Even though vector representations of words are an important concept in natural language processing and maintain high popularity since introduction of word2vec, existing formats for storing them still suffer from several drawbacks. This library addresses two of them: large file size and slow loading into memory.
To reduce storage space requirements, we use aggressive quantization followed by Huffman encoding. The implementation is mostly based on Deep Compression: Compressing Deep Neural Networks With Pruning, Trained Quantization and Huffman Coding paper. Experiments show that quality loss remains negligible even for models compressed by a factor of 6.
To overcome second problem, we use a single mmap
call during Reader
construction for disk input. It allows to
- Reduce initial load time to several milliseconds
- Make all data loads lazy. We only read vectors requested by user
- Keep data in physical memory even after process restart. On the other hand, when the machine is low on free memory, data will be evicted by operating system even without explicit deletion and garbage collection calls.

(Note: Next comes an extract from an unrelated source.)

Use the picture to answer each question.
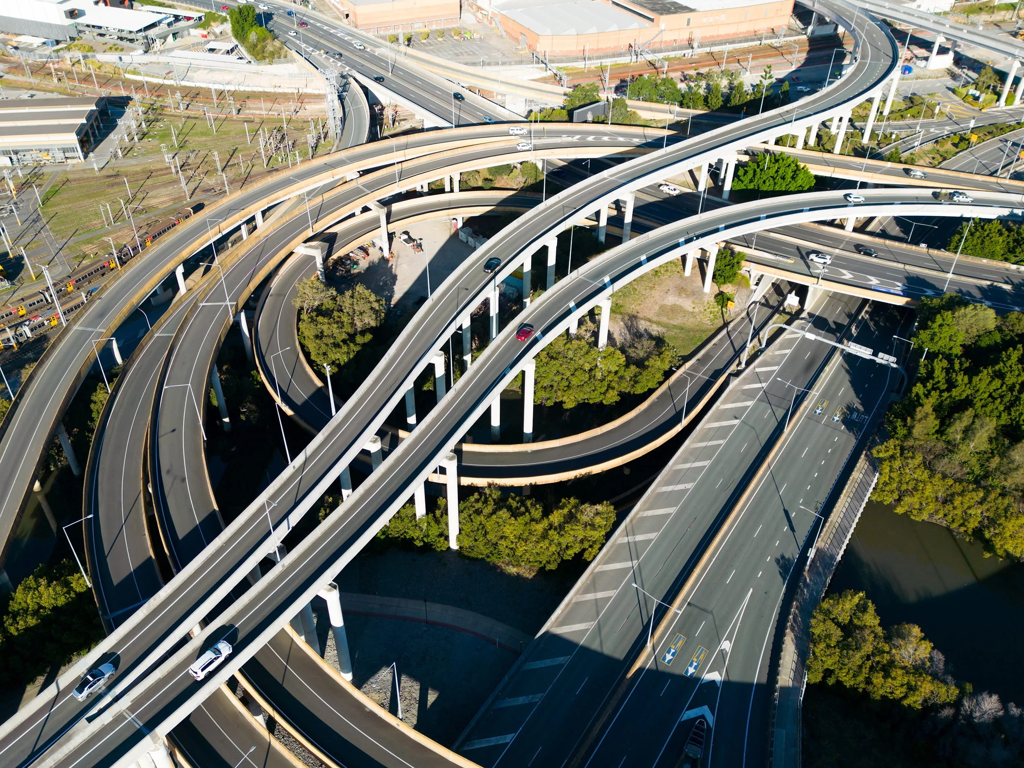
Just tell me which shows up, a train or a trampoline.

We present results for tayga_upos_skipgram_300_2_2019 model in this section. We also observed similar behavior for ruscorpora_upos_cbow_300_20_2019 model. You can see that
- A compressed model using 6 bits per weight is 6 times smaller than full-precision one and is indistinguishable from it in terms of quality
- The correlation between hand-labeled and predicted word similarity is much less sensitive to quantization noise that analogy task accuracy. Even models that use 2 bits per weight show correlation just as high as full models
- Models compressed to 1 bit per weight still maintain significant predictive power
Experiments involving training neural networks with compressed embeddings show that 4 bits of precision is sufficient to match full models.
- Download and install wheels from releases page
- Obtain compressed embedding files:
- Download pretrained vectors from https://drive.google.com/open?id=1g2Bv-5qscDRdnD4UjE6TAB2uaNdz2JdU. Glove 840B, fasttext crawl (english), tayga_upos_skipgram_300_2_2019 and ruscorpora_upos_cbow_300_20_2019 (russian from RusVectores project) are available at the moment.
- Or use memb_converter tool to convert embeddings from word2vec text format. It is recommended to pass
--quantization trained --bits-per-weight 6
to the script as parameters and leave--max-words
empty.
- Now you can create a
Reader
object:
from memb import Reader
reader = Reader('glove.840B.300d.4bit.bin')
- Find out vectors dimensions:
print(reader.dim)
- Obtain embedding for a single word, which returns an array of shape (reader.dim,):
print(reader['the'])
- Or embeddings for a list of words, which is a two-dimensional array of shape (n_words, reader.dim):
print(reader[['a', 'the', 'of']])
ReadersUnion
allows to combine
several embedding sources into a single one. Use mode='average'
or mode='concatenate'
to choose respective merging
strategy.
from memb import Reader, ReadersUnion
filenames = ['glove.840B.300d.4bit.bin', 'fasttext-crawl-300d-2M.4bit.bin']
readers = [Reader(filename) for filename in filenames]
union = ReadersUnion(readers, mode='concatenate')
print(union['the'])
tokenizer_embedding
method creates
an array suitable for using as Embedding
layer weights from
keras.preprocessing.text.Tokenizer
from memb import Reader
from keras.preprocessing.text import Tokenizer
from keras.layers import Embedding
texts = ['First sentence', 'Second sentence']
tokenizer = Tokenizer()
tokenizer.fit_on_texts(texts)
reader = Reader('glove.840B.300d.4bit.bin')
embedding_matrix = reader.tokenizer_embedding(tokenizer)
embedding_layer = Embedding(
*embedding_matrix.shape,
weights=[embedding_matrix],
trainable=False)
Use to_keyed_vectors
method to export model to KeyedVectors
.
Note: you must install gensim to use it.
To build library from source, you'll need
- CMake
- Compiler with C++14 support
- Additional libraries
- Boost
- Flatbuffers
You can follow steps described in dependency installation scripts for linux and mac os.